Para poder superarlo, el protagonista irá progresivamente dialogando con ellas en compañía de algunas figuras imprescindibles para la trama, hasta sentir que se recupera a sí mismo.

En particular, me parece que la medialidad misma de las imágenes exhibe el gesto de aquella armonía buscada, de aquella unidad alcanzada al interior de Salvador y también en la trama con toda su odisea temporal.

La imagen goza de la disolución de la duda discursiva; mediante ella finalmente no se discute más acerca de quién es quién, ni tampoco se hiende la grieta entre el dolor y la gloria, porque allí se gesta la capacidad de asumir y soportar el cambio, el paso del tiempo, la diferencia, las paradojas.

Desde este punto de vista, pienso que Almodóvar logra expresar la ensambladura donde el dolor y la gloria se llegan a tocar, ya sin miedo.
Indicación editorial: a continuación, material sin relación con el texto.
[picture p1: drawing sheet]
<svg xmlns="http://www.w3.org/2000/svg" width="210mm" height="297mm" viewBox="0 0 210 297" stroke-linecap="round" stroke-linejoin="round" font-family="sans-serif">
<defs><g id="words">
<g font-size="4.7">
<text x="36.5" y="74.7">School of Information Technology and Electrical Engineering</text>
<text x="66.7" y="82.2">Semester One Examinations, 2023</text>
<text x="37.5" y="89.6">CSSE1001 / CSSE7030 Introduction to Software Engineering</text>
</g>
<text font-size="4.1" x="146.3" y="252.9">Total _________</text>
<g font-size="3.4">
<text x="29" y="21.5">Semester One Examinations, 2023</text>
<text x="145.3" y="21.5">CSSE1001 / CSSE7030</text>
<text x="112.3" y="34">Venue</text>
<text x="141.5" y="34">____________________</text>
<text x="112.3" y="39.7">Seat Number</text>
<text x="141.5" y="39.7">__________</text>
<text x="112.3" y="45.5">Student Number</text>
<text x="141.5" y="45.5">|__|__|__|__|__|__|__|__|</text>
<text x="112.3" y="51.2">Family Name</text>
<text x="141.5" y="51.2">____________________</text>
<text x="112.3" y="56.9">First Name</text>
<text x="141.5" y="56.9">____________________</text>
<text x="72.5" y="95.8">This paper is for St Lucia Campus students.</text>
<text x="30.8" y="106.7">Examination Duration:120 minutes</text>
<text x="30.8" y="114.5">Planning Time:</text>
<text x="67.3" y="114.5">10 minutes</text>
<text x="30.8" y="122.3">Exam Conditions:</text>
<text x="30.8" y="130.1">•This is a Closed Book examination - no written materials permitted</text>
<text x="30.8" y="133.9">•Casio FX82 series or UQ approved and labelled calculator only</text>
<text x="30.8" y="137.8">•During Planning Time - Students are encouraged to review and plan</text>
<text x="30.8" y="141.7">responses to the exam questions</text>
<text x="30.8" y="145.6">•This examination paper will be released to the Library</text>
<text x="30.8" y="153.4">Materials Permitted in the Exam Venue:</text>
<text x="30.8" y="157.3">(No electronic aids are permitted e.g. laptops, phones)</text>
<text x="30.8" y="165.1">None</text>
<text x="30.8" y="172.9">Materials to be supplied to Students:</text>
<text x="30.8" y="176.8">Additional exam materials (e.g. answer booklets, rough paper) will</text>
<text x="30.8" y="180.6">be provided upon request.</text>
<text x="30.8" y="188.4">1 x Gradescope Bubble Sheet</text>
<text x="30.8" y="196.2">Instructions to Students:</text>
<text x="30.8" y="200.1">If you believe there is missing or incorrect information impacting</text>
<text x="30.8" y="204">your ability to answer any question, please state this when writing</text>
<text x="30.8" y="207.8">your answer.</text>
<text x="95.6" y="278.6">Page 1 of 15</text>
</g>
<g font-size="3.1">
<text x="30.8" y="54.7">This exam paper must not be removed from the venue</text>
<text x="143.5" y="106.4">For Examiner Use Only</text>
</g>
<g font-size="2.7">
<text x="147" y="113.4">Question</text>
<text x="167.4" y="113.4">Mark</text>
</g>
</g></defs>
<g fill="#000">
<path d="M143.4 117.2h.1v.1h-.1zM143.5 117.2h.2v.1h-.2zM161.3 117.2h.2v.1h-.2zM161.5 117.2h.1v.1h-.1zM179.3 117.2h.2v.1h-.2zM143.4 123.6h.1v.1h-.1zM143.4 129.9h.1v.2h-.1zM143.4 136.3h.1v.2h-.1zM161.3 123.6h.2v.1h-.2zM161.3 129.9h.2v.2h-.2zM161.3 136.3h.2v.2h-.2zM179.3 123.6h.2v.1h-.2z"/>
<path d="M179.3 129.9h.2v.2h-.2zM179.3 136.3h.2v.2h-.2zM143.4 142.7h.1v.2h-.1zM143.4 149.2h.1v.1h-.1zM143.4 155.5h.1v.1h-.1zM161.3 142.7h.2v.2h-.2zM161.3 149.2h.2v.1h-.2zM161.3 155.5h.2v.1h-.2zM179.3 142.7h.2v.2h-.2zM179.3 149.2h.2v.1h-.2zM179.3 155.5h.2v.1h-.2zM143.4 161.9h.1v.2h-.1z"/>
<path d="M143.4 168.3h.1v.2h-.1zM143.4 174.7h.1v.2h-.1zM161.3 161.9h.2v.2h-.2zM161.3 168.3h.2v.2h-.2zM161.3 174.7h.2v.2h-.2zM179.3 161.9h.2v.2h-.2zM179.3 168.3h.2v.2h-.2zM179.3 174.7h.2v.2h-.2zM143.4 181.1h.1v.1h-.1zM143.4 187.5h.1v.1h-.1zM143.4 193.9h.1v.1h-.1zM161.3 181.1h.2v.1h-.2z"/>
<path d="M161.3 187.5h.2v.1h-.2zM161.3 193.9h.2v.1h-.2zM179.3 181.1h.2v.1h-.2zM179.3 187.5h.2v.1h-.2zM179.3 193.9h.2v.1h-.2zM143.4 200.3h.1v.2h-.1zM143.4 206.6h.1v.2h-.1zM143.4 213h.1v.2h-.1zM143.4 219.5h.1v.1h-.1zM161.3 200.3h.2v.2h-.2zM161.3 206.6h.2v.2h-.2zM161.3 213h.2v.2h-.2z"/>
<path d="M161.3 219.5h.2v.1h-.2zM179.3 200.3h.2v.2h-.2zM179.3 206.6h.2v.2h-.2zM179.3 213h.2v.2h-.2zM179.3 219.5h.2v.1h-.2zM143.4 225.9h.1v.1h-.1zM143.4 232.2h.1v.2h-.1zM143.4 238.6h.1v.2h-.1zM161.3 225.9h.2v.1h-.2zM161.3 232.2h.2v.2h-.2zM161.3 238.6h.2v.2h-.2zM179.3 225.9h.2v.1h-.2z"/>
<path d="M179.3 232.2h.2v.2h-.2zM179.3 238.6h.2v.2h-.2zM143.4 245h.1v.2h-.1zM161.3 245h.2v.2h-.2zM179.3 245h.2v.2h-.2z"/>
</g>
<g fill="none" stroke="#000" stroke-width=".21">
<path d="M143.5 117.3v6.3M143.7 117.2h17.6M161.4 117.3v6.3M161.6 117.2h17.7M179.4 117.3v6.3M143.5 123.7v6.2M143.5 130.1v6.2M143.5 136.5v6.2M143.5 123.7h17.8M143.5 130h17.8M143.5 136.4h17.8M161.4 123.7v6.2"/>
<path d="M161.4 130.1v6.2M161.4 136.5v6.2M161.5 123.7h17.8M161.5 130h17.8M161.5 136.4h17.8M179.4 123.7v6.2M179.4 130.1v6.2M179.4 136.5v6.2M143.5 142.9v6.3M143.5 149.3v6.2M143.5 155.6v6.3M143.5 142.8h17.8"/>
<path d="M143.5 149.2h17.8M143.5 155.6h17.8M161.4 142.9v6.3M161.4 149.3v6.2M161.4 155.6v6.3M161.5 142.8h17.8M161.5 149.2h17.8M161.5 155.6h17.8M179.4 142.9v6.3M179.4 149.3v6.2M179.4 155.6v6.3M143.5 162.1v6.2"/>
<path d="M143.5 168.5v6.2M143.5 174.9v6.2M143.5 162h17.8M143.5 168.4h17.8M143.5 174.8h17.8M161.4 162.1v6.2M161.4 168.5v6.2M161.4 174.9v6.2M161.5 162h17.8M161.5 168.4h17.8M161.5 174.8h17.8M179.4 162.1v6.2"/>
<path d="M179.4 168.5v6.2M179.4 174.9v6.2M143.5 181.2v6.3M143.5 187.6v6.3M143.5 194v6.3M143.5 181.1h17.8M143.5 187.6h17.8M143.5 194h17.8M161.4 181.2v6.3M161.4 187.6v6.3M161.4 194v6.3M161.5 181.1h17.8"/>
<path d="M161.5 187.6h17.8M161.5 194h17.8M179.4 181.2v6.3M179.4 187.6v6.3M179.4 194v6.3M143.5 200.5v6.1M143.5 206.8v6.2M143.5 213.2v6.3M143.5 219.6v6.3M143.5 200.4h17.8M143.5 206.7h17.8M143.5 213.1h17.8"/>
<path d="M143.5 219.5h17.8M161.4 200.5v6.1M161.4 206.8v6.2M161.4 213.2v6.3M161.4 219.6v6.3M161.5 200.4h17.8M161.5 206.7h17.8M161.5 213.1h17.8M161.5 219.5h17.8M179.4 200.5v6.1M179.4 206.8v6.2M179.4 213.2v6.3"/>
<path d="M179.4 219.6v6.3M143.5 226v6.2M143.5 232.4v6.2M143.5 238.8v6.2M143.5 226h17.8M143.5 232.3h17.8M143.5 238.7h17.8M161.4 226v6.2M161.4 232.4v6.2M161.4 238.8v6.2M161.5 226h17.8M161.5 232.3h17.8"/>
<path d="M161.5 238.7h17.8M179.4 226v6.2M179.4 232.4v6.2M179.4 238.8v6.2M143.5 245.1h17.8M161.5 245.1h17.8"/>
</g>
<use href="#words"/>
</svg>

Y las campanadas de la Chavela celebran así la liberación de la vehemencia clausurada por la herida, la reconciliación de una temporalidad fragmentada y, sobre todo, el resurgimiento del deseo. PP

Dolor y Gloria. 2019. Director: Pedro Almodóvar. Reparto: Antonio Banderas, Axier Etxeandia, Penélope Cruz, Leonardo Sbaraglia, Nora Navas, Cecilia Roth. Productora: El Deseo. 108 min. España.